Most trials use either the Fried Frailty Phenotype (five criteria: unintentional weight loss, exhaustion, low grip strength, slow gait speed, low physical activity — three or more positive = frail) or the Short Physical Performance Battery (SPPB), which scores balance tests, 4-meter gait speed, and five-repetition chair stands on a 0–12 scale. SPPB scores ≤3 indicate severe mobility limitation, 4–9 indicate moderate limitation, and 10–12 indicate minimal limitation. Clinical trials typically enroll participants with SPPB 4–9 (pre-frail to mildly frail range) because this population has the greatest potential for measurable functional improvement.

What happens to IGF-1 levels and functional capacity after stopping sermorelin?▼

Pharmacokinetic data shows that IGF-1 levels return to baseline within 4–6 weeks of discontinuing sermorelin, as the peptide’s half-life is approximately 30 minutes and endogenous GH secretion patterns revert to pre-treatment levels once exogenous GHRH stimulation stops. Published trials have not followed functional outcomes beyond 24 weeks, so the durability of grip strength and gait speed improvements after treatment cessation remains unknown. The concern is that without continuous GHRH analog administration, the functional gains may regress as IGF-1 declines — suggesting sermorelin may need to be used as maintenance therapy rather than a finite intervention.

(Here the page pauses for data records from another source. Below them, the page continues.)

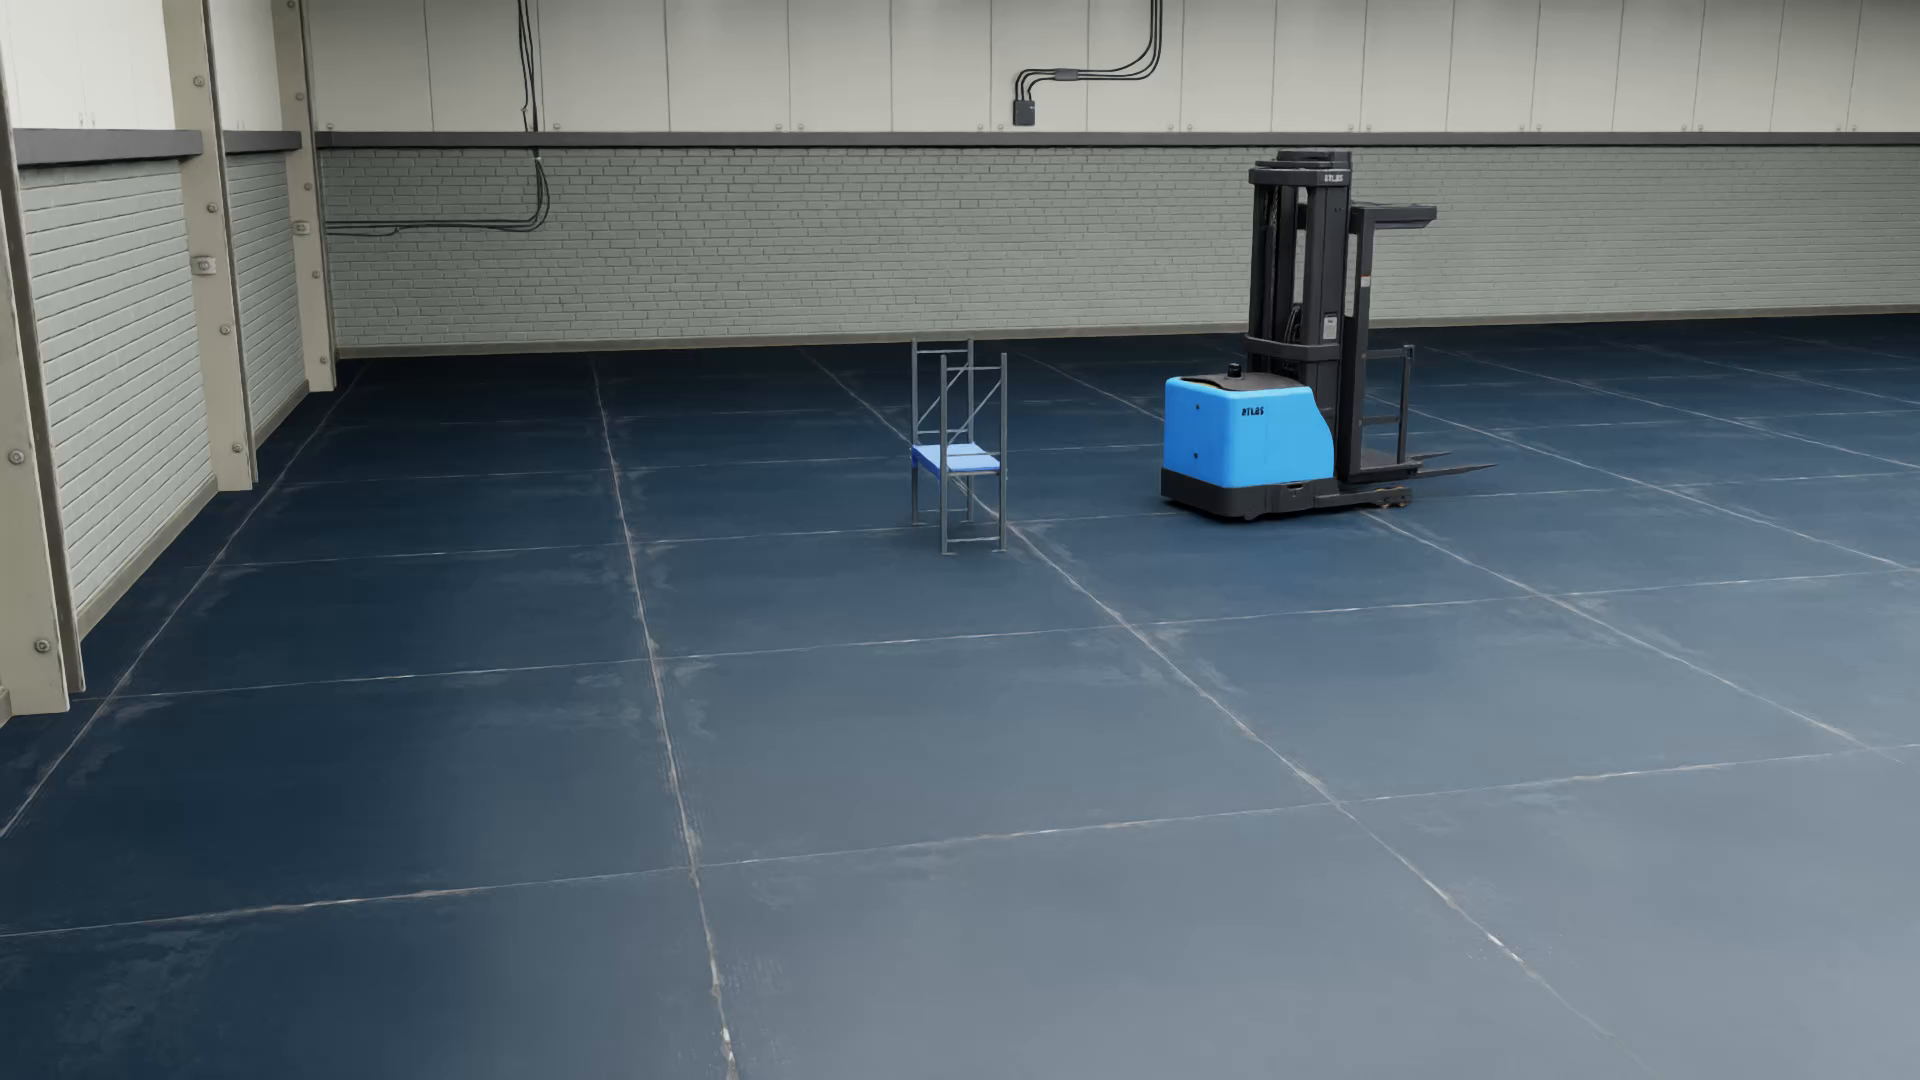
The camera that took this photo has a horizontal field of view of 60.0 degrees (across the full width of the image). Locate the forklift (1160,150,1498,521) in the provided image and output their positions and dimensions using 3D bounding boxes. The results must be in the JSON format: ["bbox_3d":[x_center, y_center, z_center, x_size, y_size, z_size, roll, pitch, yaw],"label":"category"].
[{"bbox_3d":[3.271,-1.798,14.110,3.031,2.935,1.130,-7,15,-25],"label":"forklift"}]

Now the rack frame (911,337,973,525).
[{"bbox_3d":[-0.139,-0.866,13.310,0.500,1.500,0.032,-3,14,-13],"label":"rack frame"}]

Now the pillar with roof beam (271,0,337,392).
[{"bbox_3d":[-3.709,-6.479,20.485,9.100,9.000,0.400,-3,14,-13],"label":"pillar with roof beam"}]

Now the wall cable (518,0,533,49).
[{"bbox_3d":[-4.670,-8.088,22.972,3.097,2.526,0.112,-3,14,-13],"label":"wall cable"}]

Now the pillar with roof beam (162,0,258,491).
[{"bbox_3d":[-2.300,-5.095,14.819,9.100,9.000,0.400,-3,14,-13],"label":"pillar with roof beam"}]

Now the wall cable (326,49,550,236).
[{"bbox_3d":[-7.300,-5.484,22.955,3.097,2.526,0.112,-3,14,-13],"label":"wall cable"}]

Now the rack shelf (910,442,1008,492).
[{"bbox_3d":[-0.020,-0.574,12.872,0.538,0.185,1.000,-3,14,-13],"label":"rack shelf"}]

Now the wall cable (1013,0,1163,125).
[{"bbox_3d":[1.932,-9.170,24.333,2.305,6.003,0.169,-3,14,-13],"label":"wall cable"}]

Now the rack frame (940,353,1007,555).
[{"bbox_3d":[0.099,-0.631,12.350,0.500,1.500,0.032,-3,14,-13],"label":"rack frame"}]

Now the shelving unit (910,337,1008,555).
[{"bbox_3d":[-0.020,-0.748,12.830,0.538,1.500,1.048,-3,14,-13],"label":"shelving unit"}]

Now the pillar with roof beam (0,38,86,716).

Are there any populations that should not use sermorelin in research contexts?▼

Standard exclusion criteria in sermorelin trials include active malignancy (GH/IGF-1 may promote tumor growth in certain cancer types), uncontrolled diabetes (IGF-1 affects insulin sensitivity), severe heart failure, and history of acromegaly or other pituitary disorders. Participants with baseline IGF-1 levels in the upper-normal range (>200 ng/mL) are typically excluded because further elevation may increase adverse event risk without additional functional benefit. Individuals taking corticosteroids or other medications that suppress endogenous GH secretion may have blunted responses to sermorelin.

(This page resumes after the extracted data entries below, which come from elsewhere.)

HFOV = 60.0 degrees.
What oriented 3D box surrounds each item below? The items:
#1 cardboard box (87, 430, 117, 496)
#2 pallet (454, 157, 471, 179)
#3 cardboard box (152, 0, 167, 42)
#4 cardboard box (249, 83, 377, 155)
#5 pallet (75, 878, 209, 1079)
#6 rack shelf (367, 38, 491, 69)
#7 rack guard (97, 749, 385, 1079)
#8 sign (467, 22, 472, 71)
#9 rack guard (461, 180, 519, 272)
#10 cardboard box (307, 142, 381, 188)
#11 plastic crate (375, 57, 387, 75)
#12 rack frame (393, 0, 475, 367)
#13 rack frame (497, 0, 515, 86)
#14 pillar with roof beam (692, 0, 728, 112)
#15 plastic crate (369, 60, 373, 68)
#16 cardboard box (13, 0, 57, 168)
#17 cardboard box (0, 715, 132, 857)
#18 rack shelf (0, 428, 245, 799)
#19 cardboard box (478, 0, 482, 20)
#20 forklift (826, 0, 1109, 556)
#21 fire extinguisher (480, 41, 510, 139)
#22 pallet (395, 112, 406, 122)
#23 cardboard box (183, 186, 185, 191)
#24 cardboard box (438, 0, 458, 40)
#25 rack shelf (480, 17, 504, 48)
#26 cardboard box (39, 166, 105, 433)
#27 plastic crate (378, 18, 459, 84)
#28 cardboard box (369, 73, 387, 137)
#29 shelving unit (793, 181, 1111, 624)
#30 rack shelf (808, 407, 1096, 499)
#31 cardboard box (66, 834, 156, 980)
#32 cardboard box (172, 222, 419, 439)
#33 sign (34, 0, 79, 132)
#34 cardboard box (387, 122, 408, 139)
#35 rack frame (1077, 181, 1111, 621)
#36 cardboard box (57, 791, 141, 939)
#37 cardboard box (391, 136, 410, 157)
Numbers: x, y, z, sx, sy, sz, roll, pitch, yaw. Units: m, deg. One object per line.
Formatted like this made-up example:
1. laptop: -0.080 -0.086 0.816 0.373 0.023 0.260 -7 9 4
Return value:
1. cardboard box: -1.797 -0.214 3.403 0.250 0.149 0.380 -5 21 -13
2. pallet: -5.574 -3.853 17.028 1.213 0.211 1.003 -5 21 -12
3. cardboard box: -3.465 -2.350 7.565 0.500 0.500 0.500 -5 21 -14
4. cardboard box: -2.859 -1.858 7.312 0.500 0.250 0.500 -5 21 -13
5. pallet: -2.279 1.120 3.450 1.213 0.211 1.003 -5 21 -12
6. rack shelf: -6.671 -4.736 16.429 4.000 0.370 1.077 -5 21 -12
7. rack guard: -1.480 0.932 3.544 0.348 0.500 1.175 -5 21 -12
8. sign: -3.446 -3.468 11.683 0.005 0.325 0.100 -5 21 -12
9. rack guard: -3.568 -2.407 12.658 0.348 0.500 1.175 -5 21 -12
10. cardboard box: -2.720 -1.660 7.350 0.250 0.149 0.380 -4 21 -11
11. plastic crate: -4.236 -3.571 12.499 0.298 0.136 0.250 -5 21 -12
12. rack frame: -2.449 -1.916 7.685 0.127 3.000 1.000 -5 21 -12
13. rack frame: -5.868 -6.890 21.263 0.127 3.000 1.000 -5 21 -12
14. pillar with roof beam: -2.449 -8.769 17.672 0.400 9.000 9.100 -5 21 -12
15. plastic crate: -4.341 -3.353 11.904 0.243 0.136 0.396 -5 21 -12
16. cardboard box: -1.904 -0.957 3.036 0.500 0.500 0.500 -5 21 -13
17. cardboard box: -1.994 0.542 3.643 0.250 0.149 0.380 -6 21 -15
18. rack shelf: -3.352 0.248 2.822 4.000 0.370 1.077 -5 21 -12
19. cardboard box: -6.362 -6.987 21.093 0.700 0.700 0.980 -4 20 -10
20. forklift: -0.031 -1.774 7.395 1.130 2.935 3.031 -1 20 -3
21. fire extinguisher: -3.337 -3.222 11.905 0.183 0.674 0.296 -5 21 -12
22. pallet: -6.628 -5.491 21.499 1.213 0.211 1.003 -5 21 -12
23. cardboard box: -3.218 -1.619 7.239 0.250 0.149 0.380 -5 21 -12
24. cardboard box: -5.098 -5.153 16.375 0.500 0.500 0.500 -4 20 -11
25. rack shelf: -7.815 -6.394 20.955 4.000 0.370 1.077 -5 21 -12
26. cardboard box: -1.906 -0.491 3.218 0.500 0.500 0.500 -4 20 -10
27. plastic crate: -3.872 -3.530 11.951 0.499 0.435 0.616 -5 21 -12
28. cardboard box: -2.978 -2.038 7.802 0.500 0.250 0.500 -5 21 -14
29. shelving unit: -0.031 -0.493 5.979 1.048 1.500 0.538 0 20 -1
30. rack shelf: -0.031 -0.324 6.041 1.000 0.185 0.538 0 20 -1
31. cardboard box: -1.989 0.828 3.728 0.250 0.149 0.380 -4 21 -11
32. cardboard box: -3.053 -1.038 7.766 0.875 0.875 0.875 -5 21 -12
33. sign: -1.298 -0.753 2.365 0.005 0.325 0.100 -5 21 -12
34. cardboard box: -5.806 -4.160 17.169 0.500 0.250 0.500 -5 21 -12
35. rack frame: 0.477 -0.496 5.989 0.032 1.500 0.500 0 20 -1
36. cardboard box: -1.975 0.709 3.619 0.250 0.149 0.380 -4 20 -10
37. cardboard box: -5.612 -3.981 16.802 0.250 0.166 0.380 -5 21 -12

How does sermorelin compare to MK-677 (ibutamoren) for frailty research?▼

MK-677 is a ghrelin mimetic that stimulates GH release through a different receptor pathway than sermorelin — it acts on the growth hormone secretagogue receptor (GHS-R) rather than GHRH receptors. Both compounds elevate IGF-1, but MK-677 also increases appetite significantly (ghrelin is the ‘hunger hormone’), which can be problematic in frailty populations already at risk for obesity and metabolic dysfunction. Sermorelin has a cleaner mechanism with fewer off-target effects. No head-to-head trials directly compare the two in frailty contexts, but sermorelin’s receptor selectivity and absence of appetite stimulation make it the preferred choice in most published research protocols.